Re: Trivial Haskell Concurrency problem
Simon Peyton-Jones wrote: > I think what you want is a distributed way to get a unique, > as George suggested. Then you can pair that with an MVar when > you want something comparable. The unique can include the processor > id, so it can be globally unique. 64 bits? > > I'm still leery of putting such a unique inside every MVar, IORef etc. > But maybe I shouldn't worry. I think you should worry . . . No-one has yet come up with a convincing satisfactory solution to the original problem. In my view solutions should not ever (1) deadlock (2) loop for ever (3) use global state (directly via unsafePerformIO, or indirectly via the global random number generator.) I think I know why. Imagine two processors. Processor 1 creates flag 1 and sends it Processor 2. Processor 1 receives flag 2 from Processor 2. Processor 1 calls lowerFlags (flag1) (flag2) Exactly the same happens at the same time to Processor 2. Now somehow you have to distinguish between Processor 1 and Processor 2, because only one is going to get to lower the flags.

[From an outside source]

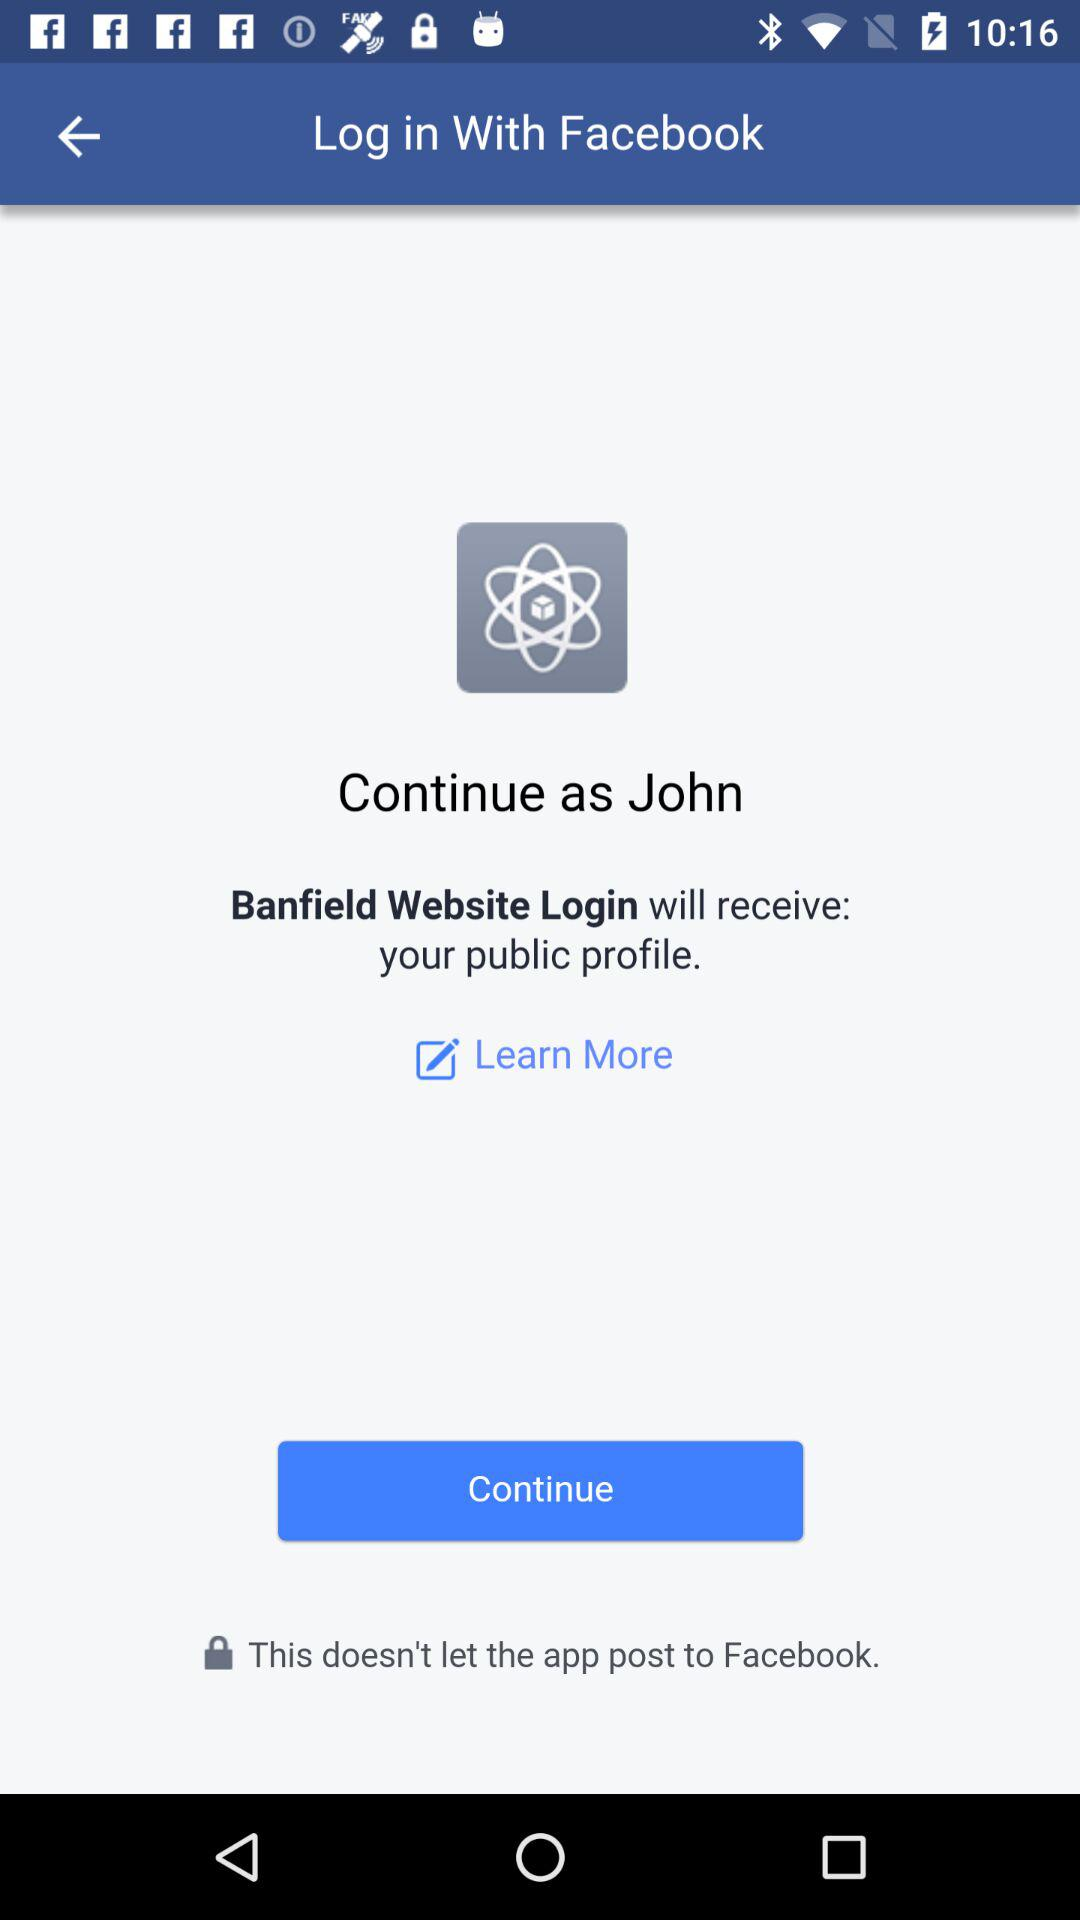Who will receive the public profile? The public profile will be received by "Banfield Website Login". 
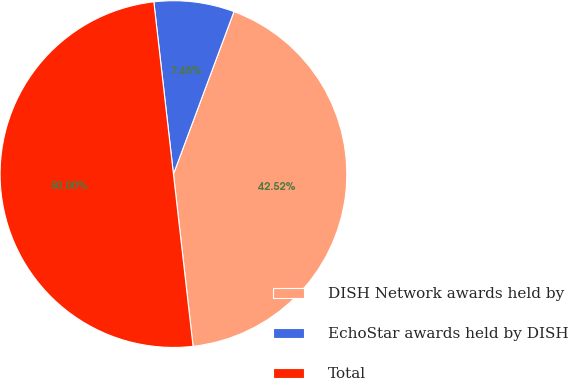Convert chart. <chart><loc_0><loc_0><loc_500><loc_500><pie_chart><fcel>DISH Network awards held by<fcel>EchoStar awards held by DISH<fcel>Total<nl><fcel>42.52%<fcel>7.48%<fcel>50.0%<nl></chart>

But I don't think with the existing Concurrency extensions plus standard Haskell you can. Does the phrase "Dining Philosophers Problem" ring a bell with anyone?
Re: Trivial Haskell Concurrency problem
George Russell wrote: > Exactly the same happens at the same time to Processor 2. > Now somehow you have to distinguish between Processor 1 and Processor 2, > because only one is going to get to lower the flags. But I don't think > with the existing Concurrency extensions plus standard Haskell you can. I take that back. There's a fundamental error in this analysis. Concurrent Haskell allows you to get the ThreadId of the current thread, and ThreadId DOES implement Ord. I thought of this last night and tried to work out a way of making the thread with the least ThreadId win, but couldn't quite do it. But it may still be possible.
RE: Trivial Haskell Concurrency problem
| This is something that I have long been wondering about | (perhaps it is just because of my ignorance): | Wouldn't stable pointers be a cheaper and more appropriate means | to get Ord for MVars, STRefs, and IORefs? Could be -- but do we really want to clog up the stable-pointer table with an entry for every MVar, whether or not anyone is interested in ordering? I think what you want is a distributed way to get a unique, as George suggested. Then you can pair that with an MVar when you want something comparable. The unique can include the processor id, so it can be globally unique. 64 bits? I'm still leery of putting such a unique inside every MVar, IORef etc. But maybe I shouldn't worry. Simon
Re: Trivial Haskell Concurrency problem
(Michael Hobbs solution excised) But this code could potentially loop forever! Surely that's just as bad as deadlocking??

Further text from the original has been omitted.